_Excerpted records_
• • •

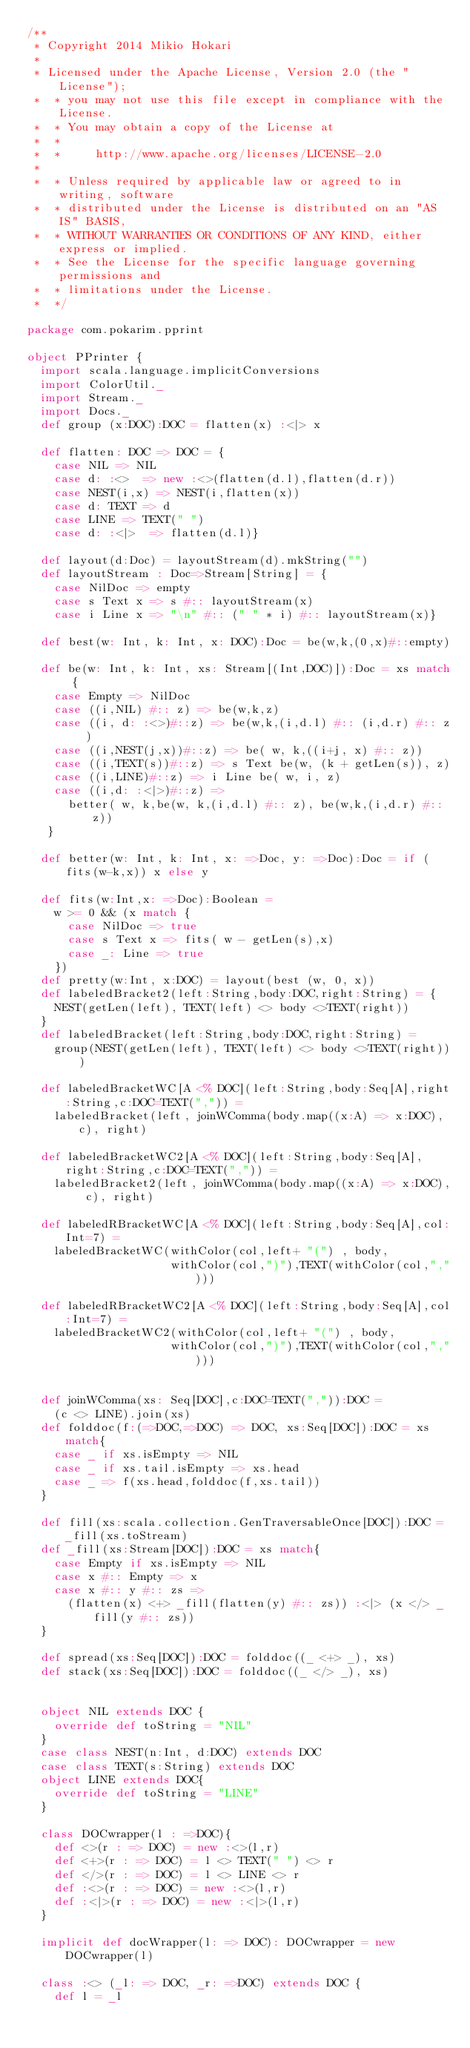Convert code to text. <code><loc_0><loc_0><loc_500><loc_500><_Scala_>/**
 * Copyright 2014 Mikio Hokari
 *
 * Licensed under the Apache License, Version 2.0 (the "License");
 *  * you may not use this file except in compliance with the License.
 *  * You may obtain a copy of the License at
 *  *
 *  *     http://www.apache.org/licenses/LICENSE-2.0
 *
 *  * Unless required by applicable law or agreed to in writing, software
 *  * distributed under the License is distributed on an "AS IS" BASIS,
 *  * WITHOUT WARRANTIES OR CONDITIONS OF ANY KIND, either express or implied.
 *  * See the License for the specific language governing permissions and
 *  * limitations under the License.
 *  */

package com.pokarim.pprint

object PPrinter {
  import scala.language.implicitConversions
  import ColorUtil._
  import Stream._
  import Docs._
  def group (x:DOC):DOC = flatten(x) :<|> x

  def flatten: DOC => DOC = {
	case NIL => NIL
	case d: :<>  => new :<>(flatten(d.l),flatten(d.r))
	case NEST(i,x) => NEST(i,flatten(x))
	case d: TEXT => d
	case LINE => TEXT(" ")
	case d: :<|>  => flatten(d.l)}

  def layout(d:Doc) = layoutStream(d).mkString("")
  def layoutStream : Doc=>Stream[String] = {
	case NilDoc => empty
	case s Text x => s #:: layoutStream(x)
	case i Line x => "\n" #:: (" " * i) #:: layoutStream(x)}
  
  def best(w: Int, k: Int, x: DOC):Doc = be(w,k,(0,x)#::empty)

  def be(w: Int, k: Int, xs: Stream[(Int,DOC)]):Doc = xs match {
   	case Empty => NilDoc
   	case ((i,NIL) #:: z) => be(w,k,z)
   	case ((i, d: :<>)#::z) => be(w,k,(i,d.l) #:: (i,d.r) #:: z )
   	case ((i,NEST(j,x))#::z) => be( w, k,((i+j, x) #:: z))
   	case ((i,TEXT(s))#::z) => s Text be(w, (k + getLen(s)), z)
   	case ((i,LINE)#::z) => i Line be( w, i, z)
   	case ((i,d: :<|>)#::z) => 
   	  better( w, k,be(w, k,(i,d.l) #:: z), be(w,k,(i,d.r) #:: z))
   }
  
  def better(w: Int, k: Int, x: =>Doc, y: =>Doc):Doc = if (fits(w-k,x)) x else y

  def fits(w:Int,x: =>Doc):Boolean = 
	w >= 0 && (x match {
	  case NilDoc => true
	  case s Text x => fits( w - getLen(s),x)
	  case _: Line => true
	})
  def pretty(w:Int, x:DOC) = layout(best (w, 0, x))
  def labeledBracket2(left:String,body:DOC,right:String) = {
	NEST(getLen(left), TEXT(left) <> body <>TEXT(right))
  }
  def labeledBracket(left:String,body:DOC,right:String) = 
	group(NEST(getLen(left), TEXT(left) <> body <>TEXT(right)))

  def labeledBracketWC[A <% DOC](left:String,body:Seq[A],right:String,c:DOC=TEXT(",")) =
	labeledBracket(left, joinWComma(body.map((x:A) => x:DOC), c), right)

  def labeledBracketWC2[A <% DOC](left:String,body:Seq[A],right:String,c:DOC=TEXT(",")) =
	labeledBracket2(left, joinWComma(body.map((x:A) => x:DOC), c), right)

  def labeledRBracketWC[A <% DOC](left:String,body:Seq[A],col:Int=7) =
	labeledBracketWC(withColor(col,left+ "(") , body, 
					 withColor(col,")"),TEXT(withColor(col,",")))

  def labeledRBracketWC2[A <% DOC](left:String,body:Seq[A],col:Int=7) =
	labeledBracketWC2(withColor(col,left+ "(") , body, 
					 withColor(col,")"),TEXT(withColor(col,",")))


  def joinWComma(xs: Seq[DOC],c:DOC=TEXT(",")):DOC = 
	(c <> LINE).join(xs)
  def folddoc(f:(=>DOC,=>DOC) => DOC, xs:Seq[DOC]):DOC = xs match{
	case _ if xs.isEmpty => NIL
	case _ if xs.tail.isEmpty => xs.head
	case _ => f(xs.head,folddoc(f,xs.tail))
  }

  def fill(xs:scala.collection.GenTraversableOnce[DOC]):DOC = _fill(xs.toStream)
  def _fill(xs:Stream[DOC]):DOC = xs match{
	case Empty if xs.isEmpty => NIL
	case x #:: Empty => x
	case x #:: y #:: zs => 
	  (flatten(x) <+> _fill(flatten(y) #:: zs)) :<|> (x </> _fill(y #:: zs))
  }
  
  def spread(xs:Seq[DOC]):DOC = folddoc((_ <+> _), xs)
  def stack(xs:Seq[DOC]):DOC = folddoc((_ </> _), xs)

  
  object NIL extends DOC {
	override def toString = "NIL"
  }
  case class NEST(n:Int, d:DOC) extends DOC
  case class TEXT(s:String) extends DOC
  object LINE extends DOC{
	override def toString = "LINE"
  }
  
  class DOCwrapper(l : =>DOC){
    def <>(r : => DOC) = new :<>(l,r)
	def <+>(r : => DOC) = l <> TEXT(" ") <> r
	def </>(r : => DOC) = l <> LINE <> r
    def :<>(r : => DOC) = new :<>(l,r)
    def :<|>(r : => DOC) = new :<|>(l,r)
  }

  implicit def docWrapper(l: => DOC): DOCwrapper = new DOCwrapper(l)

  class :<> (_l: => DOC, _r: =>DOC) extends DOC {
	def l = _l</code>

• • •

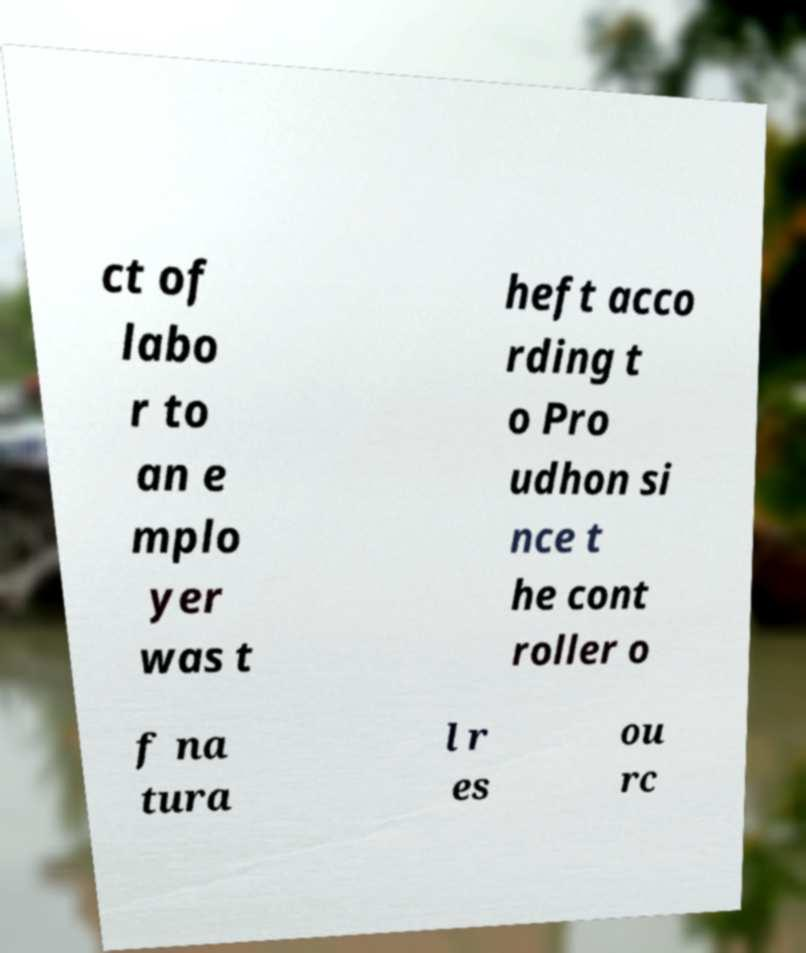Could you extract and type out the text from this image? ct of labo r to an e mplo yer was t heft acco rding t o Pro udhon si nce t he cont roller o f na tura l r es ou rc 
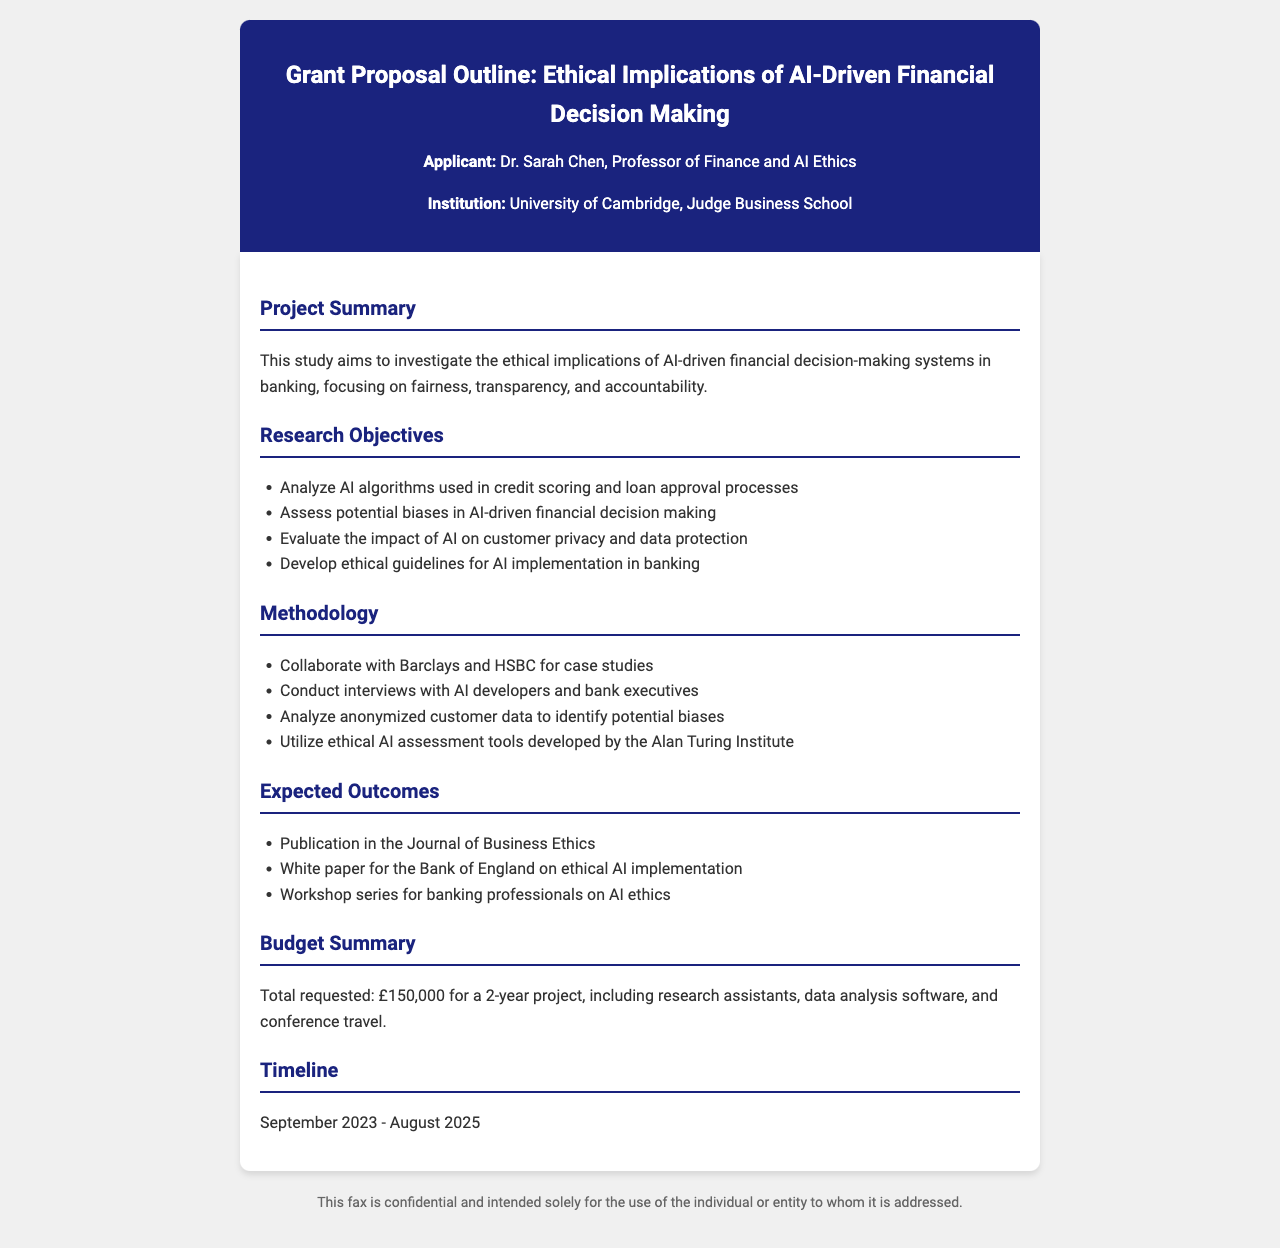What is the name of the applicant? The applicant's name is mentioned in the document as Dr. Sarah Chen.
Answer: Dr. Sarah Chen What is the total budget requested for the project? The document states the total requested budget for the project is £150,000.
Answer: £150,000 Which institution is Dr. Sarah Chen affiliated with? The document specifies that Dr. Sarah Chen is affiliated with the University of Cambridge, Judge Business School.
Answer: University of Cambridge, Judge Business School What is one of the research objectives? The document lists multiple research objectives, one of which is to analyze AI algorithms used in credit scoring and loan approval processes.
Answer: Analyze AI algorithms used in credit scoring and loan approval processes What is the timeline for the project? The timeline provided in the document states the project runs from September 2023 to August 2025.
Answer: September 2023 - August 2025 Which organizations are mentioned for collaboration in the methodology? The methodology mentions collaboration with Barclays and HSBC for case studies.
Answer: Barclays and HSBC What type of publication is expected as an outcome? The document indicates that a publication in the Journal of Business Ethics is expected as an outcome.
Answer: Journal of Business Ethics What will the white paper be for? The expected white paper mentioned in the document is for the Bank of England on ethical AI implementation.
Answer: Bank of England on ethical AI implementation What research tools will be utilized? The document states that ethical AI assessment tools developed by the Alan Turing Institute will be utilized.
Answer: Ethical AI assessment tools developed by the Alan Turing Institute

• • •

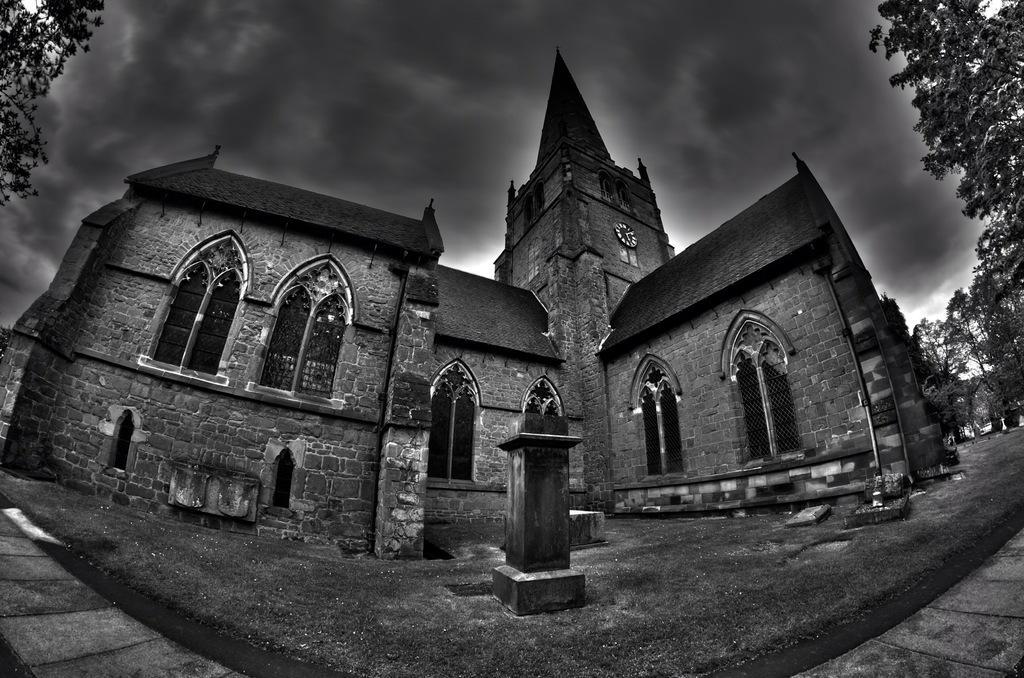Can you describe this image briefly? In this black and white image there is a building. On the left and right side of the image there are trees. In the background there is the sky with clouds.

• • •

_Required action_
Look above for the line containing "in writing, software". Output from there through the line containing "better( w, k,be(w, k,(i,d.l)", exactly and inclusively.

_Problem solution_
 *  * Unless required by applicable law or agreed to in writing, software
 *  * distributed under the License is distributed on an "AS IS" BASIS,
 *  * WITHOUT WARRANTIES OR CONDITIONS OF ANY KIND, either express or implied.
 *  * See the License for the specific language governing permissions and
 *  * limitations under the License.
 *  */

package com.pokarim.pprint

object PPrinter {
  import scala.language.implicitConversions
  import ColorUtil._
  import Stream._
  import Docs._
  def group (x:DOC):DOC = flatten(x) :<|> x

  def flatten: DOC => DOC = {
	case NIL => NIL
	case d: :<>  => new :<>(flatten(d.l),flatten(d.r))
	case NEST(i,x) => NEST(i,flatten(x))
	case d: TEXT => d
	case LINE => TEXT(" ")
	case d: :<|>  => flatten(d.l)}

  def layout(d:Doc) = layoutStream(d).mkString("")
  def layoutStream : Doc=>Stream[String] = {
	case NilDoc => empty
	case s Text x => s #:: layoutStream(x)
	case i Line x => "\n" #:: (" " * i) #:: layoutStream(x)}
  
  def best(w: Int, k: Int, x: DOC):Doc = be(w,k,(0,x)#::empty)

  def be(w: Int, k: Int, xs: Stream[(Int,DOC)]):Doc = xs match {
   	case Empty => NilDoc
   	case ((i,NIL) #:: z) => be(w,k,z)
   	case ((i, d: :<>)#::z) => be(w,k,(i,d.l) #:: (i,d.r) #:: z )
   	case ((i,NEST(j,x))#::z) => be( w, k,((i+j, x) #:: z))
   	case ((i,TEXT(s))#::z) => s Text be(w, (k + getLen(s)), z)
   	case ((i,LINE)#::z) => i Line be( w, i, z)
   	case ((i,d: :<|>)#::z) => 
   	  better( w, k,be(w, k,(i,d.l) #:: z), be(w,k,(i,d.r) #:: z))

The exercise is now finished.